In the healthy group (Table 2), there was no significant effect of 5HTTLPR genotype for either the raw (F = 0.07, P = 0.79) or normalized HCV (F = 0.53, P = 0.47) or ICV (P = 0.40). For the BDNF Val66Met groups, there was also no main effect of genotype on the raw (F = 0.51, P = 0.60) or normalized HCV (F = 0.21, P = 0.81) or an effect on ICV (P = 0.85). Given the effect sizes from previous research (Bueller et al. 2006), the current analysis had 97.1% power to detect an effect of BDNF Val66Met (Cohen's f: left = 0.37 and right = 0.34). There was no precedent to derive effect size estimates for the 5HTTLPR analysis, but the design had the sensitivity to detect an effect of f = 0.34 at 95% power and an effect of f = 0.27 at a lower power threshold of 80%. In all models, the within-subject effect of hemisphere was significant, whereby the right HCV was greater than left (raw volumes, F = 21.96, P < 0.001 and normalized volumes, F = 25.42, P < 0.001), irrespective of genotype.
In the MDD group (Table 3), there was no significant effect of 5HTTLPR genotype on HCV for diallelic (raw, F = 0.003, P = 0.96 and normalized, F = 0.72 P = 0.40) or triallelic 5HTTLPR genotypes (raw, F = 0.30, P = 0.59 and normalized, F = 0.001, P = 0.90). Taking effect size estimates from the study by Frodl et al. (2008a) who found significant volume reductions in HCV in L/L homozygotes with MDD (Cohen's f = 0.33), we had 88.4% power to correctly reject the null hypothesis. There was no 5HTTLPR effect on ICV (diallelic, P = 0.45 and triallelic, P = 0.57). As there was a potentially confounding relationship between the S allele and medication use under the diallelic classification, we also tested for the influence of 5HTTLPLR genotype in a subgroup of unmedicated patients, but found no significant effects (raw, F = 2.68, P = 0.11 and normalized, F = 0.02, P = 0.89).
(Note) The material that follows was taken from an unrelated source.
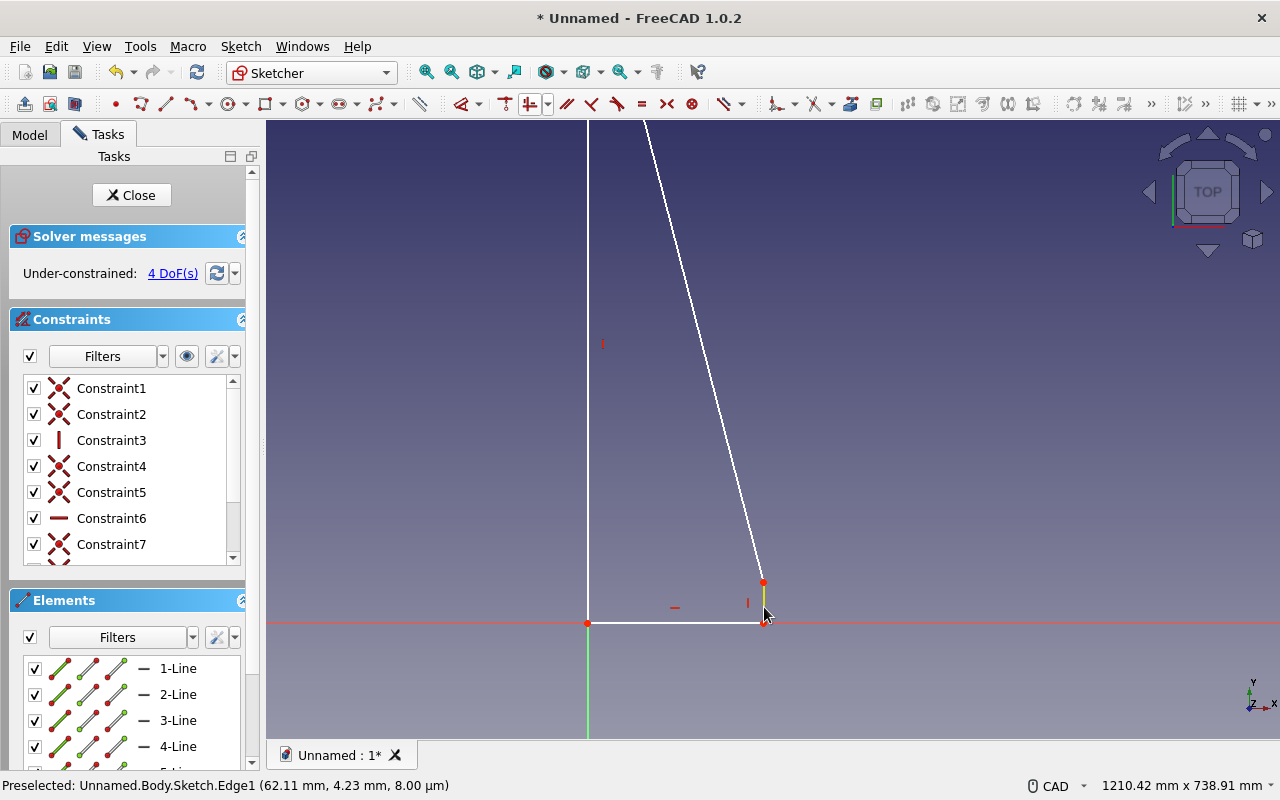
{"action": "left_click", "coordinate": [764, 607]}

In the IQ-matched BDNF Val66Met groups, there was a significant difference in raw (F = 6.23, P = 0.014) but not normalized in HCV (F = 0.01, P = 0.87). When analysing all MDD participants, there was a significant effect of BDNF Val66Met genotype on raw HCV (F = 8.4, P = 0.004) but not on normalized HCV (F = 0.07, P = 0.79). Using the effect size of BDNF on HCV from Frodl et al. (2007) analysis (f = 0.26), our analysis had 64.3% power to detect a similar effect. Val/Val genotype was associated with significantly greater ICV (t = 2.29, P = 0.025). There were no differences between medicated and unmedicated MDD patients in either left (raw, P = 0.42 and normalized, P = 0.93) or right HCV (raw, P = 0.34 and normalized, P = 0.98). Right HCV was significantly greater than left HCV, across genotypes, for both raw (F = 44.67, P < 0.001) and normalized scores (F = 42.22, P < 0.001).
The full epistatic model testing for an interaction between genotypes in HCV showed no significant effects in either healthy individuals (raw HCV: F = 0.62, P = 0.43 and normalized HCV: F = 0.81, P = 0.37) or in MDD patients (raw HCV: F = 0.69, P = 0.56 and normalized HCV: F = 0.35, P = 0.79). There was no direct precedent from which epistatic effects size estimates could be generated, although the healthy individual sample has previously been used to show an interaction between 5HTTLPR and BDNF Val66Met (Pezawas et al. 2008), albeit in a different brain region.
For all the hippocampal shape analyses, permutation correction for multiple comparisons indicated that none of the alterations depicted in the 3D maps were empirically significant (P > 0.1) (Figures S2 and S3).
This study found no significant influence of 5HTTLPR or BDNF Val66Met genotype on HCV or shape-related morphological measures in healthy individuals or in recurrent MDD patients. Despite the use of a sophisticated analysis method, sensitive to local hippocampal surface deformations, no differences were found between S allele carriers and L/L homozygotes in healthy individuals or in MDD patients, in whom we were able to test both the diallelic and triallelic classification of 5HTTLPR, nor were any differences in hippocampal surface shape detected between BDNF Met allele carriers and Val/Val homozygotes in either sample.
Our analysis showed that MDD patients carrying the BDNF Val had higher IQ than Met carriers, IQ was correlated with HCV and ICV and BDNF Val carriers had higher ICV. However, when controlling for ICV, neither BDNF genotype nor hippocampal were significantly related to IQ. This indicates that the driving factor behind these results was the positive correlation between IQ and ICV (Andreasen et al. 1993). The increased ICV in BDNF Val carriers (Toro et al. 2009) requires further investigation to establish whether this is meaningful or merely a false-positive. We also report a negative correlation between age, HCV and ICV, although there was no association between age and normalized HCV, so this relationship may also be a false-positive.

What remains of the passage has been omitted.